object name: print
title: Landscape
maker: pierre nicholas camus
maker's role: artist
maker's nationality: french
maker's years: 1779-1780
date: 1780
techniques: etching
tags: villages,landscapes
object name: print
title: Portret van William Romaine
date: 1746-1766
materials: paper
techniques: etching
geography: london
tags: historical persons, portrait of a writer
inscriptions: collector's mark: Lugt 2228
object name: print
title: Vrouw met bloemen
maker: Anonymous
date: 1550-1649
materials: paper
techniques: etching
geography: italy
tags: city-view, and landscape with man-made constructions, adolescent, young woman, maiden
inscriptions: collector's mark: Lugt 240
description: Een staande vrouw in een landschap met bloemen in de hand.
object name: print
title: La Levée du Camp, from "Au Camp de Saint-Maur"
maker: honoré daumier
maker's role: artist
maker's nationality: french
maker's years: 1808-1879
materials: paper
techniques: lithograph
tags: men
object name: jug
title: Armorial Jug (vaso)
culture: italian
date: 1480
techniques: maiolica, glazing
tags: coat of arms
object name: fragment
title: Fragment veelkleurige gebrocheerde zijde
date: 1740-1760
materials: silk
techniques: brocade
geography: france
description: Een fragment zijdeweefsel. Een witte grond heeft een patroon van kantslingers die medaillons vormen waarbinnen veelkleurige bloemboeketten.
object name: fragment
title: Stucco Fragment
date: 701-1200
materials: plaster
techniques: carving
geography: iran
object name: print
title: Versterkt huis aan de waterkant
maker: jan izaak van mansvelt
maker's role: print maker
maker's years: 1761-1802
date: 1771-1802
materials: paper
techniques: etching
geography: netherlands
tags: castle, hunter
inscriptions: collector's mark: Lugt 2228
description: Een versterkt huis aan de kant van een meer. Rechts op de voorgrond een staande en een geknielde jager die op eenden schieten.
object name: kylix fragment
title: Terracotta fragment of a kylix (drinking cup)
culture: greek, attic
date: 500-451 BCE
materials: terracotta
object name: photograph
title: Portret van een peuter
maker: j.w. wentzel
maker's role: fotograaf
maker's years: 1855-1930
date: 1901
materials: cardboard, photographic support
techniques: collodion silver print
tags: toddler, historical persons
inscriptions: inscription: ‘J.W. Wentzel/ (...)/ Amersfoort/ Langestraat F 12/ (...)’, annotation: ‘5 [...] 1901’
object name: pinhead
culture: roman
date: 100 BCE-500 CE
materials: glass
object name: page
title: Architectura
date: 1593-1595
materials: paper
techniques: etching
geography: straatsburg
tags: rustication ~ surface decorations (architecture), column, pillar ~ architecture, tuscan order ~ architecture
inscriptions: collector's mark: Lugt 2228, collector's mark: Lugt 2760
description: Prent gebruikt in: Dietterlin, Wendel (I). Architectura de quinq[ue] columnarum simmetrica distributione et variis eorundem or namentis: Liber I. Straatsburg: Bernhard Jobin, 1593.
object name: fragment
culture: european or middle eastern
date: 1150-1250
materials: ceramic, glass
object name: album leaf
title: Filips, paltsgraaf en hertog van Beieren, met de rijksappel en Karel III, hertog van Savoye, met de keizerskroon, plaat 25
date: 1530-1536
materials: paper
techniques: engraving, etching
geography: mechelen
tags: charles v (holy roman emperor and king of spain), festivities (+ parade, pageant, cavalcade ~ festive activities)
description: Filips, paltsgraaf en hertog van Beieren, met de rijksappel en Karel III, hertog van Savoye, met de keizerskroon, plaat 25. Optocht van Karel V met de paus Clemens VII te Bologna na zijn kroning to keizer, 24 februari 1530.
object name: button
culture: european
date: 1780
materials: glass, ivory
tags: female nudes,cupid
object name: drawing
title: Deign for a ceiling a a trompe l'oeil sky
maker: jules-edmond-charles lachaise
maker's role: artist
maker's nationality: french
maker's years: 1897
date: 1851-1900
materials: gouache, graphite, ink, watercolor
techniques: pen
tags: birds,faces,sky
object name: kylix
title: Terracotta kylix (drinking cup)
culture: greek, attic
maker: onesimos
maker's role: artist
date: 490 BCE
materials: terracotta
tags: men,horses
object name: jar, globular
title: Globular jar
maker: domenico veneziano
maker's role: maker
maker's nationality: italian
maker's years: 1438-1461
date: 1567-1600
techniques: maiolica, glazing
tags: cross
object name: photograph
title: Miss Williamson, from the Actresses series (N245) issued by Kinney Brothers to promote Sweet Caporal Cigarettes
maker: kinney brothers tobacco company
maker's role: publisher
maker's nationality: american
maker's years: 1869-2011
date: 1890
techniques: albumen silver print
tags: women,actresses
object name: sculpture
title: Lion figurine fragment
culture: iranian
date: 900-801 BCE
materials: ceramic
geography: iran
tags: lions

-------------------------

▶ Task instructions
Only the lines above starting at the one containing "maker's years: 1761-1802" and ending at the one containing "date: 1593-1595", both included, are to be returned, exactly as they read.

▶ Answer
maker's years: 1761-1802
date: 1771-1802
materials: paper
techniques: etching
geography: netherlands
tags: castle, hunter
inscriptions: collector's mark: Lugt 2228
description: Een versterkt huis aan de kant van een meer. Rechts op de voorgrond een staande en een geknielde jager die op eenden schieten.
object name: kylix fragment
title: Terracotta fragment of a kylix (drinking cup)
culture: greek, attic
date: 500-451 BCE
materials: terracotta
object name: photograph
title: Portret van een peuter
maker: j.w. wentzel
maker's role: fotograaf
maker's years: 1855-1930
date: 1901
materials: cardboard, photographic support
techniques: collodion silver print
tags: toddler, historical persons
inscriptions: inscription: ‘J.W. Wentzel/ (...)/ Amersfoort/ Langestraat F 12/ (...)’, annotation: ‘5 [...] 1901’
object name: pinhead
culture: roman
date: 100 BCE-500 CE
materials: glass
object name: page
title: Architectura
date: 1593-1595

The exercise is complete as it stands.